▶ [TASK DETAILS]: Give back all of the data exactly. Leave nothing out.

── STUDY MATERIAL ──

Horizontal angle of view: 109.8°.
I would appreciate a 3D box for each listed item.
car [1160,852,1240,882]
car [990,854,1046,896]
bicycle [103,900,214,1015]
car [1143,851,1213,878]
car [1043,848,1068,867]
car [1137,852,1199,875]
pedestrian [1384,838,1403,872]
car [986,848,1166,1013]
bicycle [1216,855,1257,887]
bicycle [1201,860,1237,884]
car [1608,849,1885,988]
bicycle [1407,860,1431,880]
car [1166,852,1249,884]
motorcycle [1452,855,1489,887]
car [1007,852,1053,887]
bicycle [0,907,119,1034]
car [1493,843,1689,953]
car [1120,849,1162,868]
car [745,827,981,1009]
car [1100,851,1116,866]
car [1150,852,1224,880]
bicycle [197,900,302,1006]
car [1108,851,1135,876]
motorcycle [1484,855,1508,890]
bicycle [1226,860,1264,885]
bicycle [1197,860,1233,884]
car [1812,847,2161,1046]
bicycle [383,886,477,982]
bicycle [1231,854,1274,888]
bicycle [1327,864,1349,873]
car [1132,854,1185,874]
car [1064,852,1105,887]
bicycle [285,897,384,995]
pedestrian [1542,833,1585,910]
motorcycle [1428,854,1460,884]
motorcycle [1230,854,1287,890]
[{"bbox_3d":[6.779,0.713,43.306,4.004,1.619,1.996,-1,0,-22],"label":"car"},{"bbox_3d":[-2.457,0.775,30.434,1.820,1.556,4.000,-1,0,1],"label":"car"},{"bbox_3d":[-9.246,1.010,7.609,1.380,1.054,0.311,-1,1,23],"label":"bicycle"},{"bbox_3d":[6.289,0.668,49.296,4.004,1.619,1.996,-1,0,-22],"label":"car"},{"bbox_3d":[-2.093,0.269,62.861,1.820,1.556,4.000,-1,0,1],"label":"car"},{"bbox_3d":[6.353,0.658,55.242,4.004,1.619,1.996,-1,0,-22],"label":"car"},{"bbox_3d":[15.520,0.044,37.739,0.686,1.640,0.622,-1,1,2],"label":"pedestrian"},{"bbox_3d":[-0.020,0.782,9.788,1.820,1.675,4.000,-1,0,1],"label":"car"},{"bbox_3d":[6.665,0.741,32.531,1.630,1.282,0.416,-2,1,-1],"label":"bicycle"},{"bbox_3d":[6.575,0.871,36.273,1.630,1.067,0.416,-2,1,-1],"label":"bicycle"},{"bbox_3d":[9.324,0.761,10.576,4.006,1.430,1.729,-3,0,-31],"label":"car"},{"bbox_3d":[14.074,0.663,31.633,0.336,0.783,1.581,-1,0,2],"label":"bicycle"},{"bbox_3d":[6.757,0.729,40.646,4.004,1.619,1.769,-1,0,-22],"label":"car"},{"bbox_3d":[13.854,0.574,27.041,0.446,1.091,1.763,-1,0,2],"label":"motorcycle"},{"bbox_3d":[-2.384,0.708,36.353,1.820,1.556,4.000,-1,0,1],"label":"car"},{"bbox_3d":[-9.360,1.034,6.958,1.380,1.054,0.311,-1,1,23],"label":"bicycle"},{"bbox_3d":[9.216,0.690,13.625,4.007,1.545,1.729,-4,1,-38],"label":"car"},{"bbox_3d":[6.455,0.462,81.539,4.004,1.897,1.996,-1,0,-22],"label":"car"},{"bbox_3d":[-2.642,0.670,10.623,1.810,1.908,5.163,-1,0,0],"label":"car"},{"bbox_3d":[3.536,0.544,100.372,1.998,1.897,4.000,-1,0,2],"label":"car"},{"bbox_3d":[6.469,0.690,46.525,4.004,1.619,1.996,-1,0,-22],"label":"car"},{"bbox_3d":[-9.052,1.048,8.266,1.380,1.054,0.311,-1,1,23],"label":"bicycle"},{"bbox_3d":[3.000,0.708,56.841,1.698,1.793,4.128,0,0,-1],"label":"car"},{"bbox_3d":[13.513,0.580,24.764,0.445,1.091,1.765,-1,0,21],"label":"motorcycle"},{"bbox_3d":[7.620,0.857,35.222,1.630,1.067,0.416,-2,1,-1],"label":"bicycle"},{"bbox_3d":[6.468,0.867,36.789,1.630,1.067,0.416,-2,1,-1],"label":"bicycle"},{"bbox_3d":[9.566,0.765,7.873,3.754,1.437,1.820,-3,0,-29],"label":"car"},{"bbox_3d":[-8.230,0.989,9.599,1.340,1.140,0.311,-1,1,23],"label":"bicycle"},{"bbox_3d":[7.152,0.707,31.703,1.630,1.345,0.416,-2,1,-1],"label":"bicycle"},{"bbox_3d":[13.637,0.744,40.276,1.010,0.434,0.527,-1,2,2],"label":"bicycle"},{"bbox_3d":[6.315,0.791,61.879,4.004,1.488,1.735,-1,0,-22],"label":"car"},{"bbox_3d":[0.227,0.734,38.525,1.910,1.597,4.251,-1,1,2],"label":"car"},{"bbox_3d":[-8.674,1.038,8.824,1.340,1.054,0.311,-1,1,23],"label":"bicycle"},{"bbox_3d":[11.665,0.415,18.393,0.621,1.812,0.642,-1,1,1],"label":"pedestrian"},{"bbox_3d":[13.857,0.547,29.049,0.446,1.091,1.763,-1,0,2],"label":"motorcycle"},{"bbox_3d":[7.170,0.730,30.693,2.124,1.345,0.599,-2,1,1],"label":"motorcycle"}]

───

▶ [SOLUTION FOR THIS EXERCISE]:
Horizontal angle of view: 109.8°.
I would appreciate a 3D box for each listed item.
car [1160,852,1240,882]
car [990,854,1046,896]
bicycle [103,900,214,1015]
car [1143,851,1213,878]
car [1043,848,1068,867]
car [1137,852,1199,875]
pedestrian [1384,838,1403,872]
car [986,848,1166,1013]
bicycle [1216,855,1257,887]
bicycle [1201,860,1237,884]
car [1608,849,1885,988]
bicycle [1407,860,1431,880]
car [1166,852,1249,884]
motorcycle [1452,855,1489,887]
car [1007,852,1053,887]
bicycle [0,907,119,1034]
car [1493,843,1689,953]
car [1120,849,1162,868]
car [745,827,981,1009]
car [1100,851,1116,866]
car [1150,852,1224,880]
bicycle [197,900,302,1006]
car [1108,851,1135,876]
motorcycle [1484,855,1508,890]
bicycle [1226,860,1264,885]
bicycle [1197,860,1233,884]
car [1812,847,2161,1046]
bicycle [383,886,477,982]
bicycle [1231,854,1274,888]
bicycle [1327,864,1349,873]
car [1132,854,1185,874]
car [1064,852,1105,887]
bicycle [285,897,384,995]
pedestrian [1542,833,1585,910]
motorcycle [1428,854,1460,884]
motorcycle [1230,854,1287,890]
[{"bbox_3d":[6.779,0.713,43.306,4.004,1.619,1.996,-1,0,-22],"label":"car"},{"bbox_3d":[-2.457,0.775,30.434,1.820,1.556,4.000,-1,0,1],"label":"car"},{"bbox_3d":[-9.246,1.010,7.609,1.380,1.054,0.311,-1,1,23],"label":"bicycle"},{"bbox_3d":[6.289,0.668,49.296,4.004,1.619,1.996,-1,0,-22],"label":"car"},{"bbox_3d":[-2.093,0.269,62.861,1.820,1.556,4.000,-1,0,1],"label":"car"},{"bbox_3d":[6.353,0.658,55.242,4.004,1.619,1.996,-1,0,-22],"label":"car"},{"bbox_3d":[15.520,0.044,37.739,0.686,1.640,0.622,-1,1,2],"label":"pedestrian"},{"bbox_3d":[-0.020,0.782,9.788,1.820,1.675,4.000,-1,0,1],"label":"car"},{"bbox_3d":[6.665,0.741,32.531,1.630,1.282,0.416,-2,1,-1],"label":"bicycle"},{"bbox_3d":[6.575,0.871,36.273,1.630,1.067,0.416,-2,1,-1],"label":"bicycle"},{"bbox_3d":[9.324,0.761,10.576,4.006,1.430,1.729,-3,0,-31],"label":"car"},{"bbox_3d":[14.074,0.663,31.633,0.336,0.783,1.581,-1,0,2],"label":"bicycle"},{"bbox_3d":[6.757,0.729,40.646,4.004,1.619,1.769,-1,0,-22],"label":"car"},{"bbox_3d":[13.854,0.574,27.041,0.446,1.091,1.763,-1,0,2],"label":"motorcycle"},{"bbox_3d":[-2.384,0.708,36.353,1.820,1.556,4.000,-1,0,1],"label":"car"},{"bbox_3d":[-9.360,1.034,6.958,1.380,1.054,0.311,-1,1,23],"label":"bicycle"},{"bbox_3d":[9.216,0.690,13.625,4.007,1.545,1.729,-4,1,-38],"label":"car"},{"bbox_3d":[6.455,0.462,81.539,4.004,1.897,1.996,-1,0,-22],"label":"car"},{"bbox_3d":[-2.642,0.670,10.623,1.810,1.908,5.163,-1,0,0],"label":"car"},{"bbox_3d":[3.536,0.544,100.372,1.998,1.897,4.000,-1,0,2],"label":"car"},{"bbox_3d":[6.469,0.690,46.525,4.004,1.619,1.996,-1,0,-22],"label":"car"},{"bbox_3d":[-9.052,1.048,8.266,1.380,1.054,0.311,-1,1,23],"label":"bicycle"},{"bbox_3d":[3.000,0.708,56.841,1.698,1.793,4.128,0,0,-1],"label":"car"},{"bbox_3d":[13.513,0.580,24.764,0.445,1.091,1.765,-1,0,21],"label":"motorcycle"},{"bbox_3d":[7.620,0.857,35.222,1.630,1.067,0.416,-2,1,-1],"label":"bicycle"},{"bbox_3d":[6.468,0.867,36.789,1.630,1.067,0.416,-2,1,-1],"label":"bicycle"},{"bbox_3d":[9.566,0.765,7.873,3.754,1.437,1.820,-3,0,-29],"label":"car"},{"bbox_3d":[-8.230,0.989,9.599,1.340,1.140,0.311,-1,1,23],"label":"bicycle"},{"bbox_3d":[7.152,0.707,31.703,1.630,1.345,0.416,-2,1,-1],"label":"bicycle"},{"bbox_3d":[13.637,0.744,40.276,1.010,0.434,0.527,-1,2,2],"label":"bicycle"},{"bbox_3d":[6.315,0.791,61.879,4.004,1.488,1.735,-1,0,-22],"label":"car"},{"bbox_3d":[0.227,0.734,38.525,1.910,1.597,4.251,-1,1,2],"label":"car"},{"bbox_3d":[-8.674,1.038,8.824,1.340,1.054,0.311,-1,1,23],"label":"bicycle"},{"bbox_3d":[11.665,0.415,18.393,0.621,1.812,0.642,-1,1,1],"label":"pedestrian"},{"bbox_3d":[13.857,0.547,29.049,0.446,1.091,1.763,-1,0,2],"label":"motorcycle"},{"bbox_3d":[7.170,0.730,30.693,2.124,1.345,0.599,-2,1,1],"label":"motorcycle"}]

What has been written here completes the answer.